A hyperbola passes through the point $P=(\sqrt{2},\sqrt{3})$ and has foci $(\pm 2,0)$. Show that the tangent at $P$ passes through the point $(2\sqrt{2},3\sqrt{3})$.
Attempt:
So the equation of hyperbola is
$$\frac{x^2}{a^2}-\frac{y^2}{b^2}=1$$
We have been given $ae=2$ and a point on hyperbola.
So it gives us two equations:
$$a^2+b^2=4\tag{1}$$
$$2b^2-3a^2=(ab)^2\tag{2}$$
Substituting $b^2=4-a^2$ and solving with $(2)$, I get the equation $a^4-9a^2+8=0$. This gives me the value of $a$ to be $\{1,-1,2\sqrt{2},-2\sqrt{2}\}$. None of this satisfies the condition of hyperbola... What did I do wrong?
There’s a property of hyperbolas that leads to a simple way of solving this problem instead of trying to find an equation of the hyperbola: the tangent to a hyperbola bisects the angle formed by the lines to its foci.
The lines through $\left(\sqrt2,\sqrt3\right)$ and the two foci have direction vectors $\mathbf v=\left(\sqrt2-2,\sqrt3\right)$ and $\mathbf w=\left(\sqrt2+2,\sqrt3\right)$. The relevant angle bisector has direction vector $\|\mathbf w\|\mathbf v+\|\mathbf v\|\mathbf w = \left(4,4\sqrt6\right)$, i.e., the slope of the tangent at $P$ is $\sqrt6$. With this slope in hand, verifying that $\left(2\sqrt2,3\sqrt3\right)$ lies on this line should be a simple matter.

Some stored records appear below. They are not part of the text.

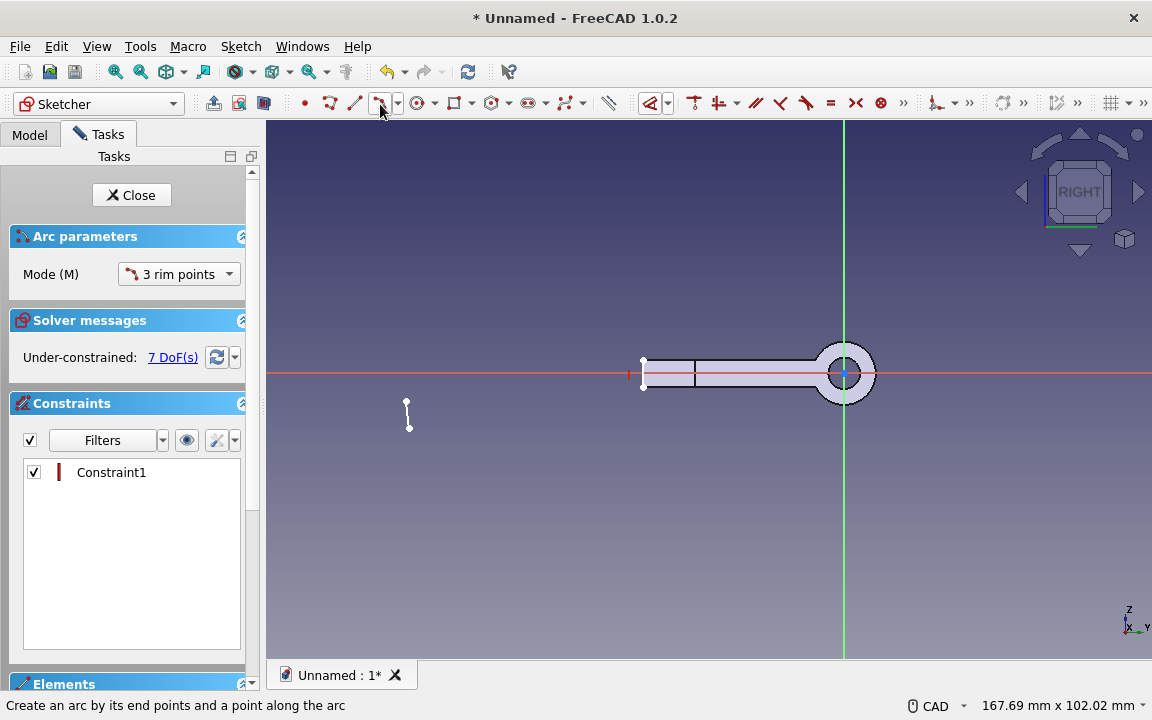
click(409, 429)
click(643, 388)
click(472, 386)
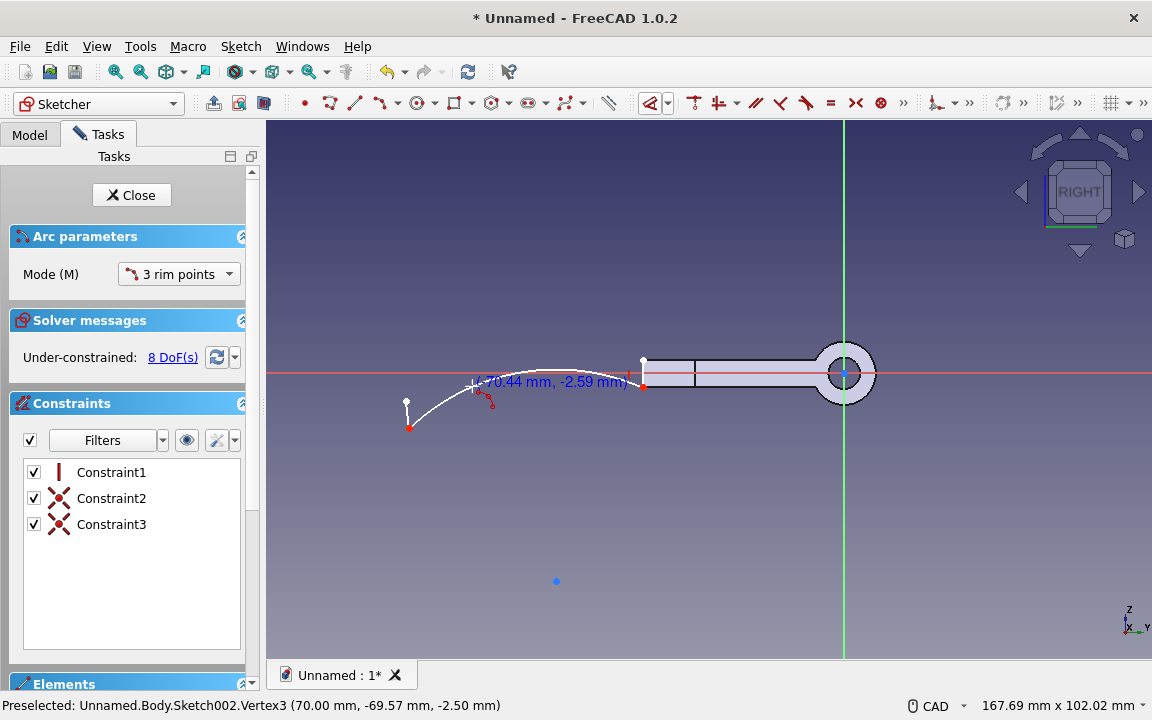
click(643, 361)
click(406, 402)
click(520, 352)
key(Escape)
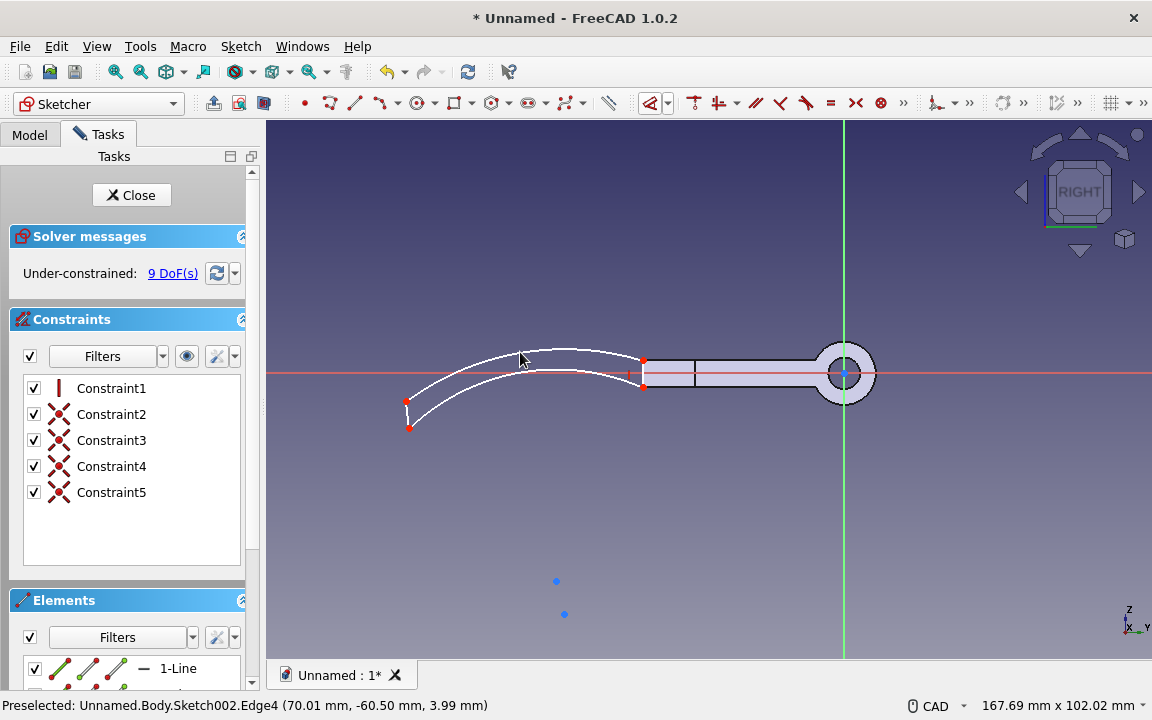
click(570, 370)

I’m not sure why you think that you’ve done anything wrong in your attempt at a solution, though. You just haven’t carried it all the way through. You can discard negative values of $a$ right off the bat. If you substitute $a=2\sqrt2$ into the first equation, you get $8+b^2=4$, which has no real solutions, so that value can also be discarded. For $a=1$, $b=\pm\sqrt3$, and of course we discard the negative solution again.